Toutefois, des initiatives existent, notamment à travers l’Europe et, plus particulièrement, en Belgique, et tentent d’insérer les étudiants réfugiés dans des programmes d’études supérieures. Elles émanent de décisions politiques ou directement des institutions, voire, parfois, sont initiées par l’engagement de quelques professeurs, relayés par leurs collègues.
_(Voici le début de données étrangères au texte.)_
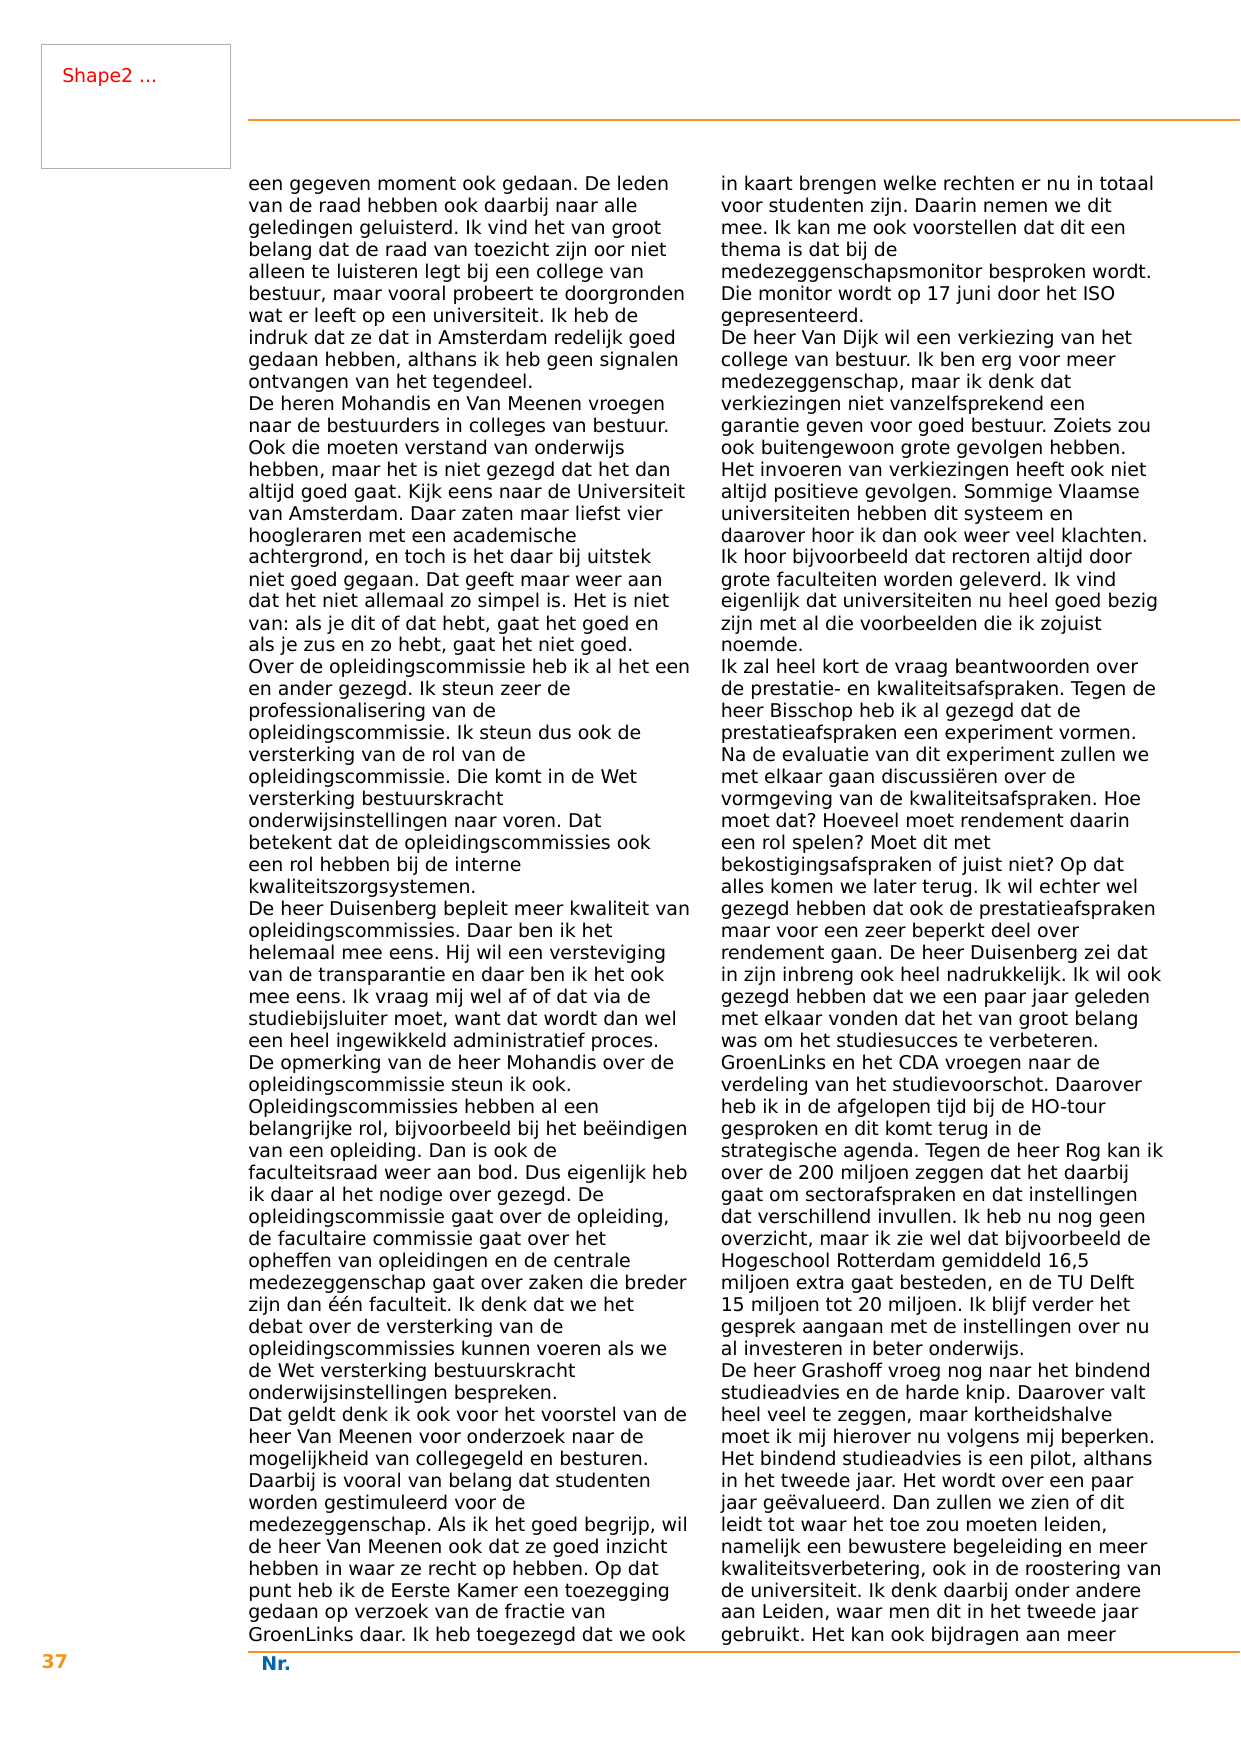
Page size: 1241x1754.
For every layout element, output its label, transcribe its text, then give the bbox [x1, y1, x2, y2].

text De heer Duisenberg bepleit meer kwaliteit van opleidingscommissies. Daar ben ik het helemaal mee eens. Hij wil een versteviging van de transparantie en daar ben ik het ook mee eens. Ik vraag mij wel af of dat via de studiebijsluiter moet, want dat wordt dan wel een heel ingewikkeld administratief proces. De opmerking van de heer Mohandis over de opleidingscommissie steun ik ook. Opleidingscommissies hebben al een belangrijke rol, bijvoorbeeld bij het beëindigen van een opleiding. Dan is ook de faculteitsraad weer aan bod. Dus eigenlijk heb ik daar al het nodige over gezegd. De opleidingscommissie gaat over de opleiding, de facultaire commissie gaat over het opheffen van opleidingen en de centrale medezeggenschap gaat over zaken die breder zijn dan één faculteit. Ik denk dat we het debat over de versterking van de opleidingscommissies kunnen voeren als we de Wet versterking bestuurskracht onderwijsinstellingen bespreken. [248, 898, 691, 1404]
text in kaart brengen welke rechten er nu in totaal voor studenten zijn. Daarin nemen we dit mee. Ik kan me ook voorstellen dat dit een thema is dat bij de medezeggenschapsmonitor besproken wordt. Die monitor wordt op 17 juni door het ISO gepresenteerd. [721, 173, 1163, 327]
text een gegeven moment ook gedaan. De leden van de raad hebben ook daarbij naar alle geledingen geluisterd. Ik vind het van groot belang dat de raad van toezicht zijn oor niet alleen te luisteren legt bij een college van bestuur, maar vooral probeert te doorgronden wat er leeft op een universiteit. Ik heb de indruk dat ze dat in Amsterdam redelijk goed gedaan hebben, althans ik heb geen signalen ontvangen van het tegendeel. [248, 173, 691, 393]
text Dat geldt denk ik ook voor het voorstel van de heer Van Meenen voor onderzoek naar de mogelijkheid van collegegeld en besturen. Daarbij is vooral van belang dat studenten worden gestimuleerd voor de medezeggenschap. Als ik het goed begrijp, wil de heer Van Meenen ook dat ze goed inzicht hebben in waar ze recht op hebben. Op dat punt heb ik de Eerste Kamer een toezegging gedaan op verzoek van de fractie van GroenLinks daar. Ik heb toegezegd dat we ook [248, 1404, 691, 1645]
text De heer Grashoff vroeg nog naar het bindend studieadvies en de harde knip. Daarover valt heel veel te zeggen, maar kortheidshalve moet ik mij hierover nu volgens mij beperken. Het bindend studieadvies is een pilot, althans in het tweede jaar. Het wordt over een paar jaar geëvalueerd. Dan zullen we zien of dit leidt tot waar het toe zou moeten leiden, namelijk een bewustere begeleiding en meer kwaliteitsverbetering, ook in de roostering van de universiteit. Ik denk daarbij onder andere aan Leiden, waar men dit in het tweede jaar gebruikt. Het kan ook bijdragen aan meer [721, 1360, 1163, 1645]
text De heren Mohandis en Van Meenen vroegen naar de bestuurders in colleges van bestuur. Ook die moeten verstand van onderwijs hebben, maar het is niet gezegd dat het dan altijd goed gaat. Kijk eens naar de Universiteit van Amsterdam. Daar zaten maar liefst vier hoogleraren met een academische achtergrond, en toch is het daar bij uitstek niet goed gegaan. Dat geeft maar weer aan dat het niet allemaal zo simpel is. Het is niet van: als je dit of dat hebt, gaat het goed en als je zus en zo hebt, gaat het niet goed. [248, 393, 691, 656]
text Over de opleidingscommissie heb ik al het een en ander gezegd. Ik steun zeer de professionalisering van de opleidingscommissie. Ik steun dus ook de versterking van de rol van de opleidingscommissie. Die komt in de Wet versterking bestuurskracht onderwijsinstellingen naar voren. Dat betekent dat de opleidingscommissies ook een rol hebben bij de interne kwaliteitszorgsystemen. [248, 656, 691, 898]
text Ik zal heel kort de vraag beantwoorden over de prestatie- en kwaliteitsafspraken. Tegen de heer Bisschop heb ik al gezegd dat de prestatieafspraken een experiment vormen. Na de evaluatie van dit experiment zullen we met elkaar gaan discussiëren over de vormgeving van de kwaliteitsafspraken. Hoe moet dat? Hoeveel moet rendement daarin een rol spelen? Moet dit met bekostigingsafspraken of juist niet? Op dat alles komen we later terug. Ik wil echter wel gezegd hebben dat ook de prestatieafspraken maar voor een zeer beperkt deel over rendement gaan. De heer Duisenberg zei dat in zijn inbreng ook heel nadrukkelijk. Ik wil ook gezegd hebben dat we een paar jaar geleden met elkaar vonden dat het van groot belang was om het studiesucces te verbeteren. [721, 656, 1163, 1052]
text De heer Van Dijk wil een verkiezing van het college van bestuur. Ik ben erg voor meer medezeggenschap, maar ik denk dat verkiezingen niet vanzelfsprekend een garantie geven voor goed bestuur. Zoiets zou ook buitengewoon grote gevolgen hebben. Het invoeren van verkiezingen heeft ook niet altijd positieve gevolgen. Sommige Vlaamse universiteiten hebben dit systeem en daarover hoor ik dan ook weer veel klachten. Ik hoor bijvoorbeeld dat rectoren altijd door grote faculteiten worden geleverd. Ik vind eigenlijk dat universiteiten nu heel goed bezig zijn met al die voorbeelden die ik zojuist noemde. [721, 327, 1163, 656]
text GroenLinks en het CDA vroegen naar de verdeling van het studievoorschot. Daarover heb ik in de afgelopen tijd bij de HO-tour gesproken en dit komt terug in de strategische agenda. Tegen de heer Rog kan ik over de 200 miljoen zeggen dat het daarbij gaat om sectorafspraken en dat instellingen dat verschillend invullen. Ik heb nu nog geen overzicht, maar ik zie wel dat bijvoorbeeld de Hogeschool Rotterdam gemiddeld 16,5 miljoen extra gaat besteden, en de TU Delft 15 miljoen tot 20 miljoen. Ik blijf verder het gesprek aangaan met de instellingen over nu al investeren in beter onderwijs. [721, 1052, 1163, 1360]

La présente analyse entend se pencher sur la mobilisation des milieux académiques européens et belges en faveur des étudiants réfugiés. Elle propose, en premier lieu, un cadrage juridique et institutionnel. Il s’agit de comprendre les normes légales auxquelles sont soumis les États européens et les institutions d’éducation supérieure. En second lieu, nous présentons quelques dispositifs européens. En troisième lieu, nous nous penchons davantage sur des initiatives belges que nous comparerons entre elles et aux exemples européens. Une analyse des motivations des acteurs consultés constitue la quatrième partie. Enfin, en guise de conclusion, nous proposons une série de recommandations politiques afin de valoriser au mieux le potentiel socioculturel et économique que représentent les étudiants réfugiés.

Cadrage juridique et institutionnel : l’accès aux études supérieures est un droit pour les réfugiés

Au lendemain de la Seconde Guerre mondiale, ayant engendré un nombre considérable de réfugiés, les Nations Unies adoptent la Déclaration universelle des droits de l’Homme. Son article 26.1 traite spécifiquement de l’accessibilité de l’enseignement : « (…) l’accès aux études supérieures doit être ouvert en pleine égalité à tous en fonction de leur mérite. » Notons qu’au vu de cet article, la Déclaration s’inscrit dans une conception méritocratique de l’éducation. En 1997, le Conseil de l’Europe et l’UNESCO promulguent, conjointement, la Convention sur la reconnaissance des qualifications relatives à l’enseignement supérieur dans la région européenne. Son septième article concerne, spécifiquement, les réfugiés et les personnes déplacées : « Chaque Partie prend toutes les mesures possibles et raisonnables dans le cadre de son système éducatif, en conformité avec ses dispositions constitutionnelles, légales et administratives, pour élaborer des procédures appropriées permettant d’évaluer équitablement et efficacement si les réfugiés, les personnes déplacées et les personnes assimilées aux réfugiés remplissent les conditions requises pour l’accès à l’enseignement supérieur, la poursuite de programmes d’enseignement supérieur complémentaires ou l’exercice d’une activité professionnelle, et ce même lorsque les qualifications obtenues dans l’une des Parties ne peuvent être prouvées par des documents les attestant. » Ce texte est, actuellement, en application dans quatre-cinq pays du Conseil de l’Europe et neuf autres États. À noter, toutefois, que la Grèce n’a pas signé cette convention.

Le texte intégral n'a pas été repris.